Finding the cause of migraine headaches
Published: Tuesday, May 14, 2013 at 6:01 a.m.
Last Modified: Monday, May 13, 2013 at 6:47 p.m.
Q: I've had migraine headaches for 11 years and live on triptan drugs and ibuprofen. There must be something else I can do. Please lend some sensible “Suzy” insight, I'm desperate.
— J.C., Tuscon, Ariz.
A: The sensible thing for me to do is help you determine the cause of your headaches, rather than list supplements you've probably already tried. Migraines can steal the joy from your life, making you nauseous and sensitive to sounds, perfume and light, not to mention the pain! There are 50 other symptoms, too.
Even though your odds increase if a family member has migraines, I still think you can overcome them if you know the cause. That's the hardest part. Women are three times more likely to get migraines, compared to men, which speaks to an estrogen connection. A sudden drop in estrogen can trigger a headache.
Food sensitivities are common triggers, so I'd avoid foods that contain gluten, wheat, dairy, soy, eggs, corn, processed cold-cuts, wine, sulfites and chocolate. Give it three months to be fair. Avoid food additives at all costs, such as artificial colors, sweeteners or MSG.
Have you considered nutritional deficiencies? Magnesium deficiency is a common cause for headaches, depression, cramps and body aches.
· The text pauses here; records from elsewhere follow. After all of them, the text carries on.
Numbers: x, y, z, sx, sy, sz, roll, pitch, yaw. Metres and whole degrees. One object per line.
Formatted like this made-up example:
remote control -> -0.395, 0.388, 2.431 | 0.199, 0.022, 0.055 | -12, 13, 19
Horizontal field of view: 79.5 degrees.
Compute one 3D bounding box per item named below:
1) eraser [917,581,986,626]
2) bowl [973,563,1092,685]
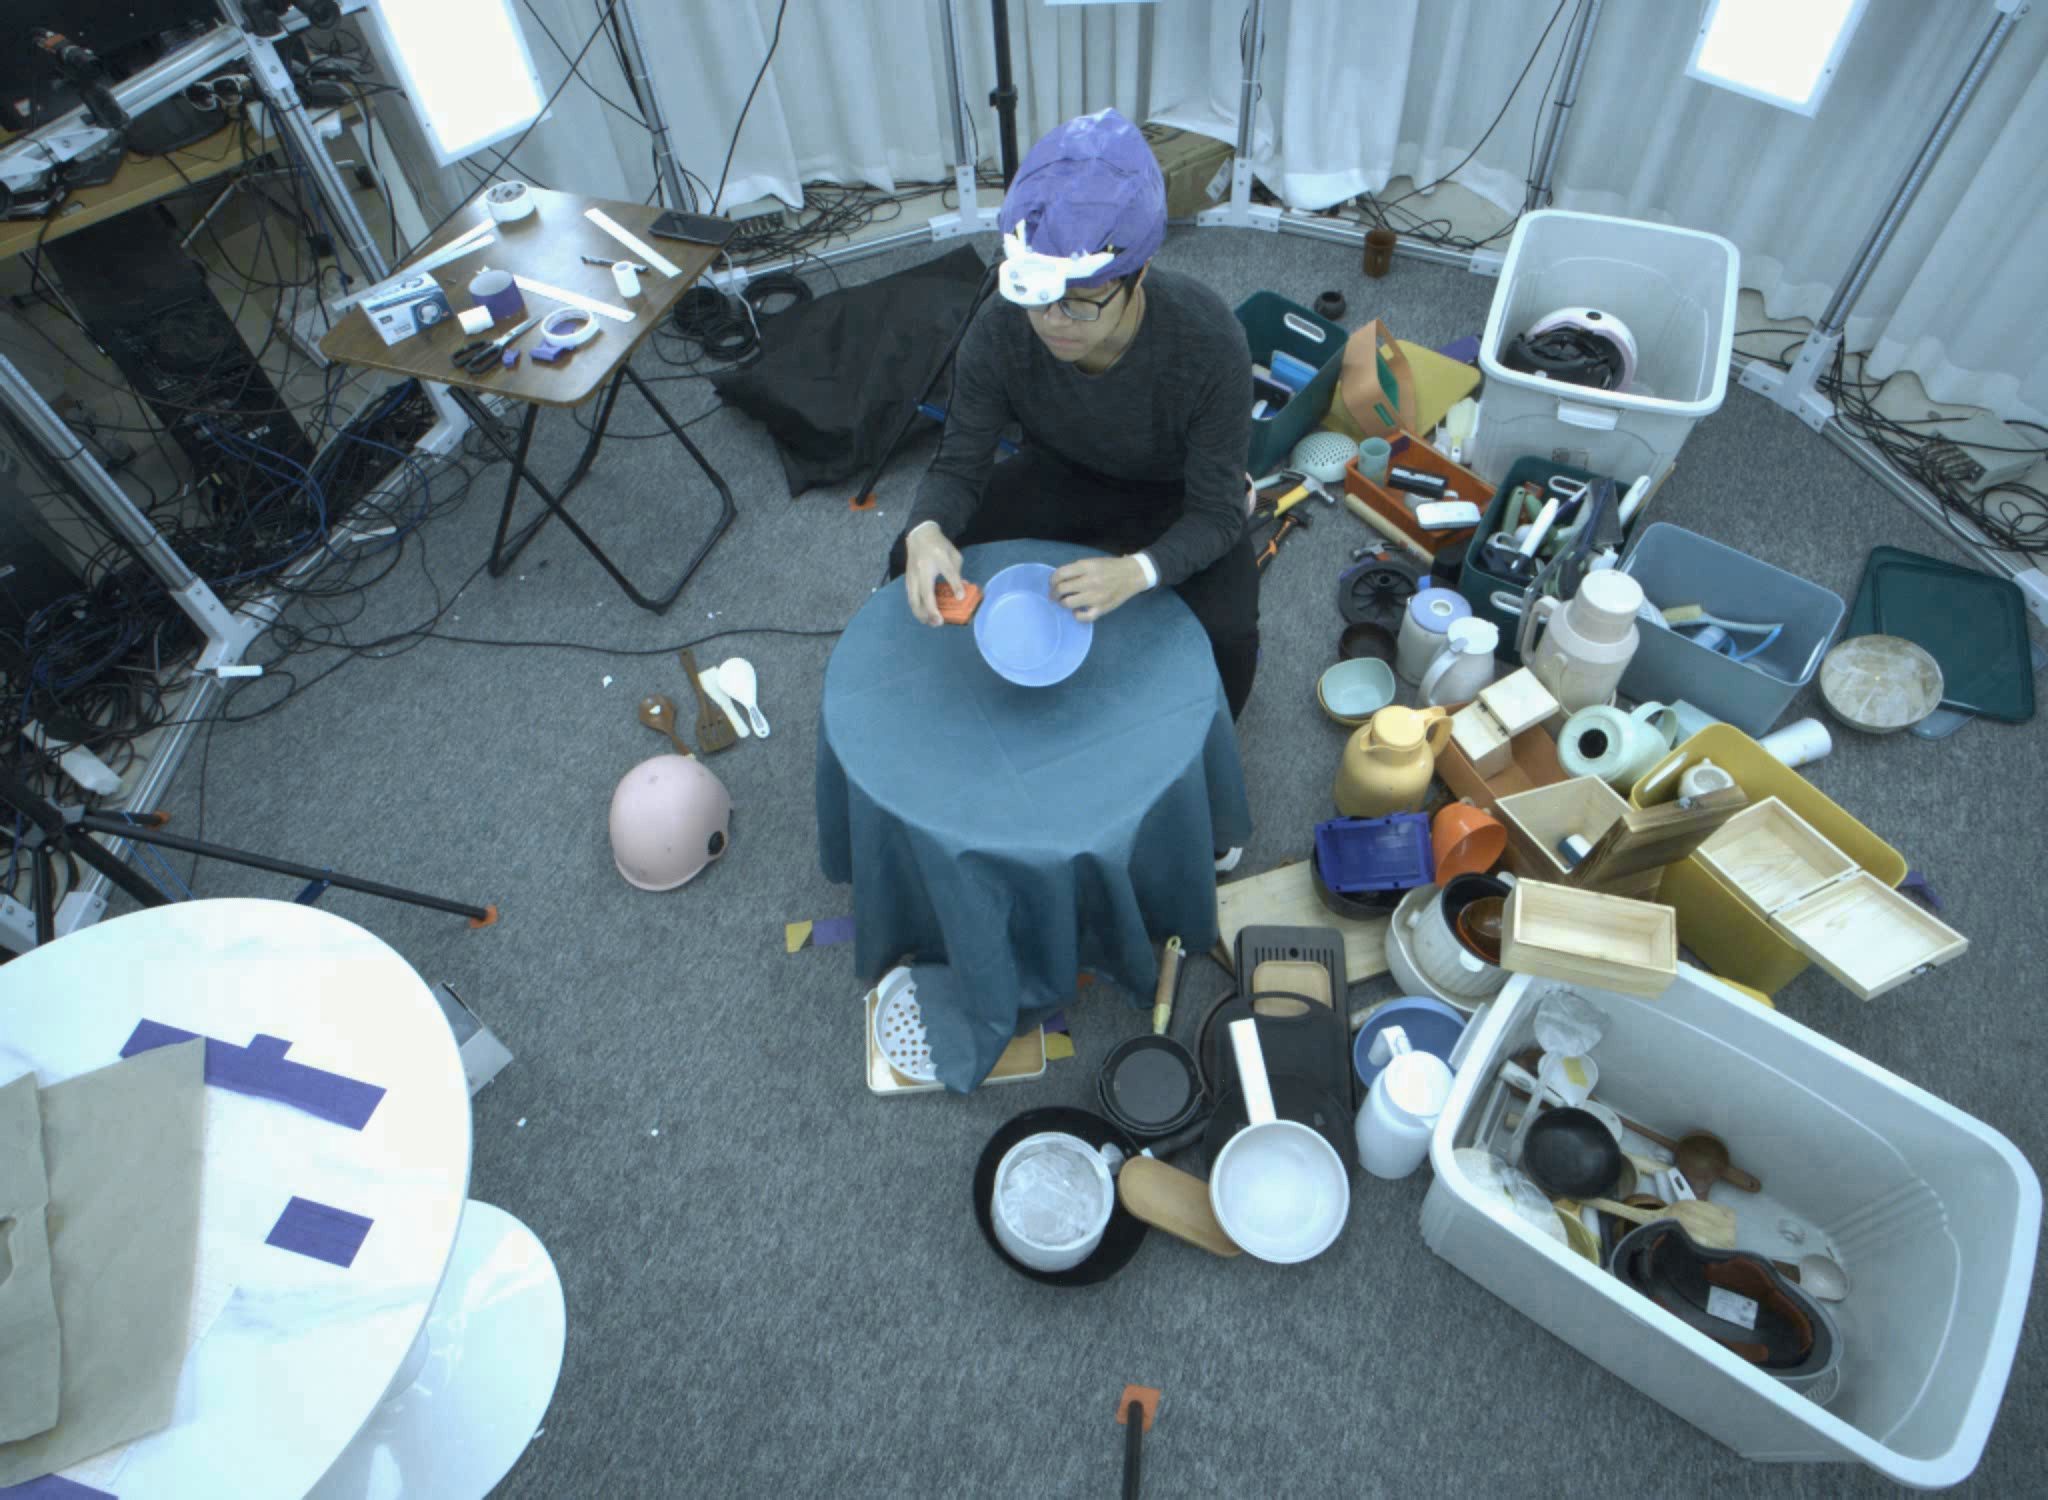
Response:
eraser -> -0.104, -0.208, 1.735 | 0.105, 0.023, 0.059 | 13, 73, 48
bowl -> 0.005, -0.179, 1.777 | 0.178, 0.069, 0.176 | 0, 89, -18

How crazy would you think I was if I told you that H. pylori (the same bug associated with ulcers) is tied to migraines? A randomized, double-blind placebo controlled study proved it in 2012, and that was not the first study tethering bacteria, parasites, worms and viruses to migraines.
Experts cannot agree on why migraines occur. Some think there are arterial changes which create more blood flow to the head. Drugs like Imitrex, Zomig and Maxalt work by constricting blood vessels and should be taken immediately.
Other experts, including myself, think migraines have more to do with mitochondrial (mito) dysfunction and pain-causing cytokines than with inflamed blood vessels. Your mito are energy generators and normally pump out ATP (energy molecule) but something goes awry.
Restoring mito health and reducing cytokines should become every migraine sufferer's goal. Eradication of infection can help while supplements that support mito health are critical. CoQ10 (or ubiquinol) is among the best. A 2002 study (Cephalalgia) concluded that 61 percent of participants found at least a 50 percent reduction in the frequency of migraine attacks over four months with CoQ10. Migraineurs also could benefit tremendously from magnesium, riboflavin and lipoic acid. Wrap your head around this type of thinking because my new ideas might help you reach your ultimate goal — a pain free life!